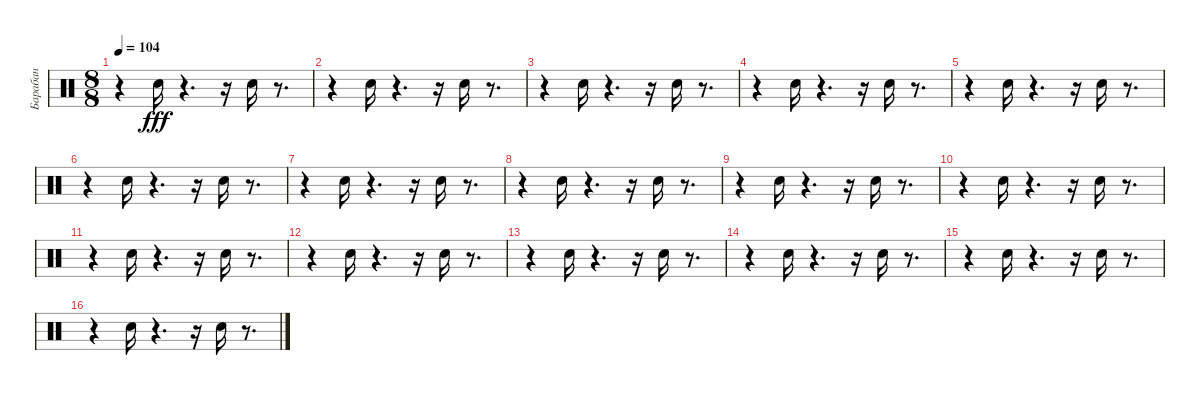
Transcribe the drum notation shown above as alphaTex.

\track ("Барабан" "Барабан") {instrument percussion}
\staff {score}
\articulation defaults
\ts (8 8)
\tempo 104
\clef neutral
\ks c
r.4{dy fff} "Snare (hit) 2".16 r.4{d} r.16 "Snare (hit) 2".16 r.8{d} |
r.4 "Snare (hit) 2".16 r.4{d} r.16 "Snare (hit) 2".16 r.8{d} |
r.4 "Snare (hit) 2".16 r.4{d} r.16 "Snare (hit) 2".16 r.8{d} |
r.4 "Snare (hit) 2".16 r.4{d} r.16 "Snare (hit) 2".16 r.8{d} |
r.4 "Snare (hit) 2".16 r.4{d} r.16 "Snare (hit) 2".16 r.8{d} |
r.4 "Snare (hit) 2".16 r.4{d} r.16 "Snare (hit) 2".16 r.8{d} |
r.4 "Snare (hit) 2".16 r.4{d} r.16 "Snare (hit) 2".16 r.8{d} |
r.4 "Snare (hit) 2".16 r.4{d} r.16 "Snare (hit) 2".16 r.8{d} |
r.4 "Snare (hit) 2".16 r.4{d} r.16 "Snare (hit) 2".16 r.8{d} |
r.4 "Snare (hit) 2".16 r.4{d} r.16 "Snare (hit) 2".16 r.8{d} |
r.4 "Snare (hit) 2".16 r.4{d} r.16 "Snare (hit) 2".16 r.8{d} |
r.4 "Snare (hit) 2".16 r.4{d} r.16 "Snare (hit) 2".16 r.8{d} |
r.4 "Snare (hit) 2".16 r.4{d} r.16 "Snare (hit) 2".16 r.8{d} |
r.4 "Snare (hit) 2".16 r.4{d} r.16 "Snare (hit) 2".16 r.8{d} |
r.4 "Snare (hit) 2".16 r.4{d} r.16 "Snare (hit) 2".16 r.8{d} |
r.4 "Snare (hit) 2".16 r.4{d} r.16 "Snare (hit) 2".16 r.8{d}
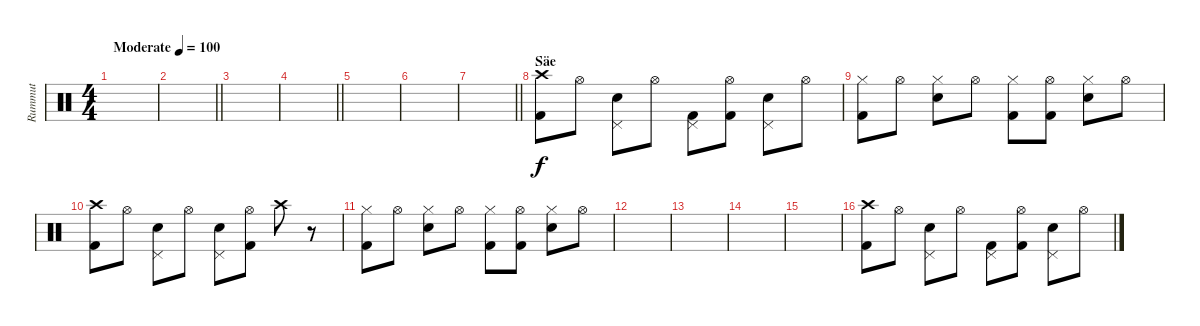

__Work order__: Give the data again exactly as written, with all pictures left out.

__Output below__:
Transcribe the drum notation shown above as alphaTex.

\track ("Барабан" "Барабан") {instrument percussion}
\staff {score}
\articulation defaults
\ts (8 8)
\tempo 104
\clef neutral
\ks c
r.4{dy fff} "Snare (hit) 2".16 r.4{d} r.16 "Snare (hit) 2".16 r.8{d} |
r.4 "Snare (hit) 2".16 r.4{d} r.16 "Snare (hit) 2".16 r.8{d} |
r.4 "Snare (hit) 2".16 r.4{d} r.16 "Snare (hit) 2".16 r.8{d} |
r.4 "Snare (hit) 2".16 r.4{d} r.16 "Snare (hit) 2".16 r.8{d} |
r.4 "Snare (hit) 2".16 r.4{d} r.16 "Snare (hit) 2".16 r.8{d} |
r.4 "Snare (hit) 2".16 r.4{d} r.16 "Snare (hit) 2".16 r.8{d} |
r.4 "Snare (hit) 2".16 r.4{d} r.16 "Snare (hit) 2".16 r.8{d} |
r.4 "Snare (hit) 2".16 r.4{d} r.16 "Snare (hit) 2".16 r.8{d} |
r.4 "Snare (hit) 2".16 r.4{d} r.16 "Snare (hit) 2".16 r.8{d} |
r.4 "Snare (hit) 2".16 r.4{d} r.16 "Snare (hit) 2".16 r.8{d} |
r.4 "Snare (hit) 2".16 r.4{d} r.16 "Snare (hit) 2".16 r.8{d} |
r.4 "Snare (hit) 2".16 r.4{d} r.16 "Snare (hit) 2".16 r.8{d} |
r.4 "Snare (hit) 2".16 r.4{d} r.16 "Snare (hit) 2".16 r.8{d} |
r.4 "Snare (hit) 2".16 r.4{d} r.16 "Snare (hit) 2".16 r.8{d} |
r.4 "Snare (hit) 2".16 r.4{d} r.16 "Snare (hit) 2".16 r.8{d} |
r.4 "Snare (hit) 2".16 r.4{d} r.16 "Snare (hit) 2".16 r.8{d}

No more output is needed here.